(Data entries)
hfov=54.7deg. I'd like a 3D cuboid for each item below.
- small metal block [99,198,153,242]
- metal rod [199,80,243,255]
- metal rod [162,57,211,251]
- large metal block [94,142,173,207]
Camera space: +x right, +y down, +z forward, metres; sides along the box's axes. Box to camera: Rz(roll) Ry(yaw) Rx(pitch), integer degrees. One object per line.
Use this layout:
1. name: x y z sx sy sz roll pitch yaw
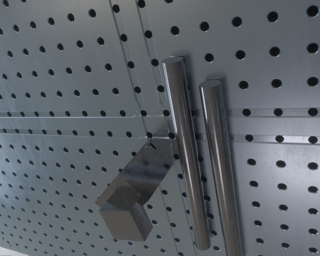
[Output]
1. small metal block: -0.044 0.119 0.405 0.050 0.025 0.050 -8 115 31
2. metal rod: 0.087 0.081 0.415 0.025 0.025 0.298 1 119 27
3. metal rod: 0.041 0.052 0.421 0.025 0.025 0.298 3 120 27
4. large metal block: -0.037 0.079 0.444 0.050 0.080 0.080 41 129 0
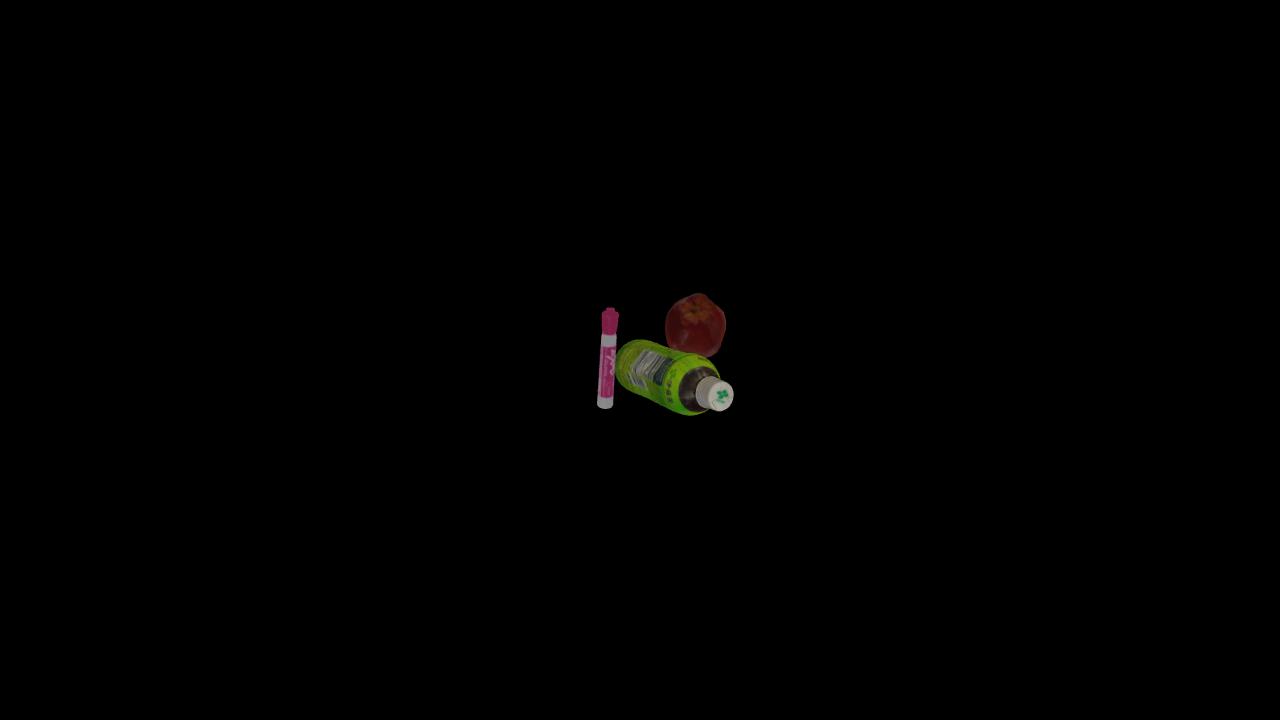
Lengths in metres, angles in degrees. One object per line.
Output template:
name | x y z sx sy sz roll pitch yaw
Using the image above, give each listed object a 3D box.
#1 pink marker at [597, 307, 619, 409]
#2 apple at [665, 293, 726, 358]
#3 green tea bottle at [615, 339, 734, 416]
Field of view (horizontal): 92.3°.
pink marker | -0.036 -0.001 0.684 0.020 0.121 0.020 4 27 -2
apple | 0.066 -0.039 0.745 0.079 0.079 0.093 0 -19 2
green tea bottle | 0.037 0.022 0.699 0.073 0.073 0.212 0 9 -22
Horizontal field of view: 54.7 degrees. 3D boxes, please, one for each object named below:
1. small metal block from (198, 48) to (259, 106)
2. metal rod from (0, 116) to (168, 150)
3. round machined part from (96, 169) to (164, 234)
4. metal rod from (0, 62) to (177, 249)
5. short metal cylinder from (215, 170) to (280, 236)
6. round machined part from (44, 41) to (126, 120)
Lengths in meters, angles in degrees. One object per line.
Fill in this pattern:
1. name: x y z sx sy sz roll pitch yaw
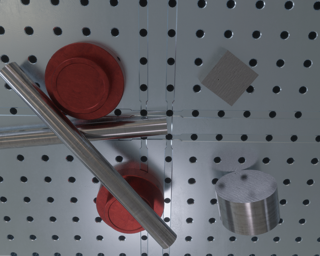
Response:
1. small metal block: 0.085 -0.064 0.390 0.050 0.025 0.050 35 106 -12
2. metal rod: -0.141 0.010 0.415 0.302 0.025 0.025 -5 110 1
3. round machined part: -0.043 0.111 0.445 0.099 0.042 0.097 0 110 0
4. metal rod: -0.086 0.039 0.393 0.025 0.025 0.300 -40 97 13
5. short metal cylinder: 0.119 0.099 0.421 0.080 0.080 0.050 -11 110 4
6. round machined part: -0.094 -0.056 0.383 0.099 0.042 0.097 0 110 0
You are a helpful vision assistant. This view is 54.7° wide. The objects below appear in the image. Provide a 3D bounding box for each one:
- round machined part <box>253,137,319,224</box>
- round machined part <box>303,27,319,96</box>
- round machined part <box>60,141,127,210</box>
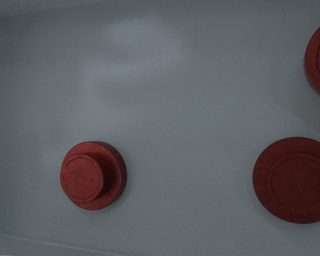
[{"bbox_3d":[0.155,0.059,0.347,0.098,0.042,0.097,0,90,20],"label":"round machined part"},{"bbox_3d":[0.206,-0.071,0.329,0.098,0.042,0.097,0,90,20],"label":"round machined part"},{"bbox_3d":[-0.100,0.068,0.437,0.098,0.042,0.097,0,90,20],"label":"round machined part"}]
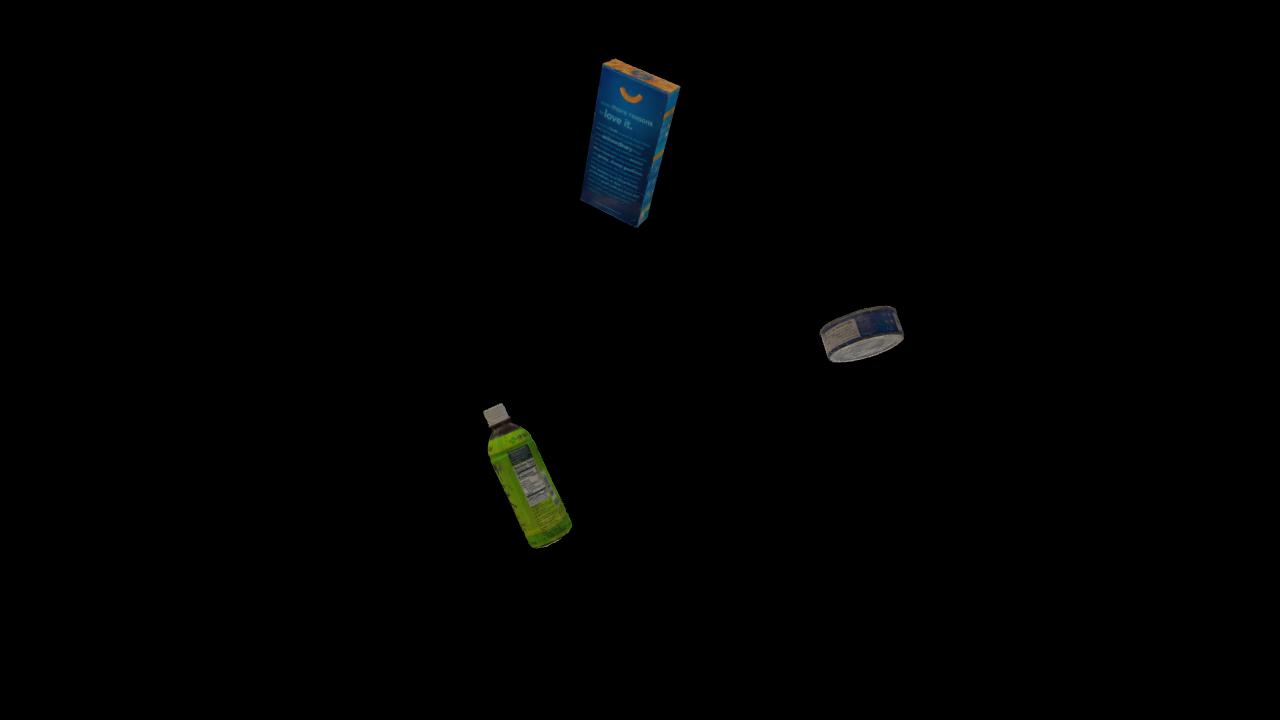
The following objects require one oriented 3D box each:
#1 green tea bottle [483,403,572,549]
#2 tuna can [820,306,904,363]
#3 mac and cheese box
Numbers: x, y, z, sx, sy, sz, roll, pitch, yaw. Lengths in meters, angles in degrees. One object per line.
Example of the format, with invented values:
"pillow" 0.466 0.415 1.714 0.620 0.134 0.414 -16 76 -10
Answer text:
"green tea bottle" -0.169 0.164 0.894 0.073 0.212 0.073 -22 3 1
"tuna can" 0.244 -0.027 0.676 0.084 0.034 0.084 -11 -18 -4
"mac and cheese box" -0.017 -0.269 0.779 0.093 0.184 0.041 29 46 11
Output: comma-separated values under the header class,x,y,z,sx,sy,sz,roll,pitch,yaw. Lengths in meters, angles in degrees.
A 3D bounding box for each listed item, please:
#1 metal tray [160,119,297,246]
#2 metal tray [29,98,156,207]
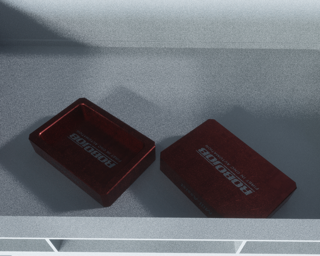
class,x,y,z,sx,sy,sz,roll,pitch,yaw
metal tray,0.074,0.055,0.357,0.091,0.030,0.130,-33,58,-25
metal tray,-0.082,0.024,0.380,0.130,0.030,0.090,31,56,23
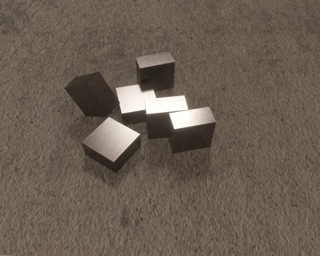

_DIRECTIONS_:
Write all the lines above out again exactly, minus the images.

_OUTPUT OF THE EXERCISE_:
hfov=54.7deg. I'd like a 3D cuboid for each item below.
- small metal block [99,198,153,242]
- metal rod [199,80,243,255]
- metal rod [162,57,211,251]
- large metal block [94,142,173,207]
Camera space: +x right, +y down, +z forward, metres; sides along the box's axes. Box to camera: Rz(roll) Ry(yaw) Rx(pitch), integer degrees. One object per line.
Use this layout:
1. name: x y z sx sy sz roll pitch yaw
[Output]
1. small metal block: -0.044 0.119 0.405 0.050 0.025 0.050 -8 115 31
2. metal rod: 0.087 0.081 0.415 0.025 0.025 0.298 1 119 27
3. metal rod: 0.041 0.052 0.421 0.025 0.025 0.298 3 120 27
4. large metal block: -0.037 0.079 0.444 0.050 0.080 0.080 41 129 0
Lengths in metres, angles in degrees. One object per line.
Output template:
name | x y z sx sy sz roll pitch yaw
Using the image above, give each listed object a 3D box.
#1 pink marker at [597, 307, 619, 409]
#2 apple at [665, 293, 726, 358]
#3 green tea bottle at [615, 339, 734, 416]
Field of view (horizontal): 92.3°.
pink marker | -0.036 -0.001 0.684 0.020 0.121 0.020 4 27 -2
apple | 0.066 -0.039 0.745 0.079 0.079 0.093 0 -19 2
green tea bottle | 0.037 0.022 0.699 0.073 0.073 0.212 0 9 -22
Horizontal field of view: 54.7 degrees. 3D boxes, please, one for each object named below:
1. small metal block from (198, 48) to (259, 106)
2. metal rod from (0, 116) to (168, 150)
3. round machined part from (96, 169) to (164, 234)
4. metal rod from (0, 62) to (177, 249)
5. short metal cylinder from (215, 170) to (280, 236)
6. round machined part from (44, 41) to (126, 120)
Lengths in meters, angles in degrees. One object per line.
Fill in this pattern:
1. name: x y z sx sy sz roll pitch yaw
Response:
1. small metal block: 0.085 -0.064 0.390 0.050 0.025 0.050 35 106 -12
2. metal rod: -0.141 0.010 0.415 0.302 0.025 0.025 -5 110 1
3. round machined part: -0.043 0.111 0.445 0.099 0.042 0.097 0 110 0
4. metal rod: -0.086 0.039 0.393 0.025 0.025 0.300 -40 97 13
5. short metal cylinder: 0.119 0.099 0.421 0.080 0.080 0.050 -11 110 4
6. round machined part: -0.094 -0.056 0.383 0.099 0.042 0.097 0 110 0
You are a helpful vision assistant. This view is 54.7° wide. The objects below appear in the image. Provide a 3D bounding box for each one:
- round machined part <box>253,137,319,224</box>
- round machined part <box>303,27,319,96</box>
- round machined part <box>60,141,127,210</box>
[{"bbox_3d":[0.155,0.059,0.347,0.098,0.042,0.097,0,90,20],"label":"round machined part"},{"bbox_3d":[0.206,-0.071,0.329,0.098,0.042,0.097,0,90,20],"label":"round machined part"},{"bbox_3d":[-0.100,0.068,0.437,0.098,0.042,0.097,0,90,20],"label":"round machined part"}]
The following objects require one oriented 3D box each:
#1 green tea bottle [483,403,572,549]
#2 tuna can [820,306,904,363]
#3 mac and cheese box
Numbers: x, y, z, sx, sy, sz, roll, pitch, yaw. Lengths in meters, angles in degrees. One object per line.
Example of the format, with invented values:
"pillow" 0.466 0.415 1.714 0.620 0.134 0.414 -16 76 -10
Answer text:
"green tea bottle" -0.169 0.164 0.894 0.073 0.212 0.073 -22 3 1
"tuna can" 0.244 -0.027 0.676 0.084 0.034 0.084 -11 -18 -4
"mac and cheese box" -0.017 -0.269 0.779 0.093 0.184 0.041 29 46 11
Output: comma-separated values under the header class,x,y,z,sx,sy,sz,roll,pitch,yaw. Lengths in meters, angles in degrees.
A 3D bounding box for each listed item, please:
#1 metal tray [160,119,297,246]
#2 metal tray [29,98,156,207]
class,x,y,z,sx,sy,sz,roll,pitch,yaw
metal tray,0.074,0.055,0.357,0.091,0.030,0.130,-33,58,-25
metal tray,-0.082,0.024,0.380,0.130,0.030,0.090,31,56,23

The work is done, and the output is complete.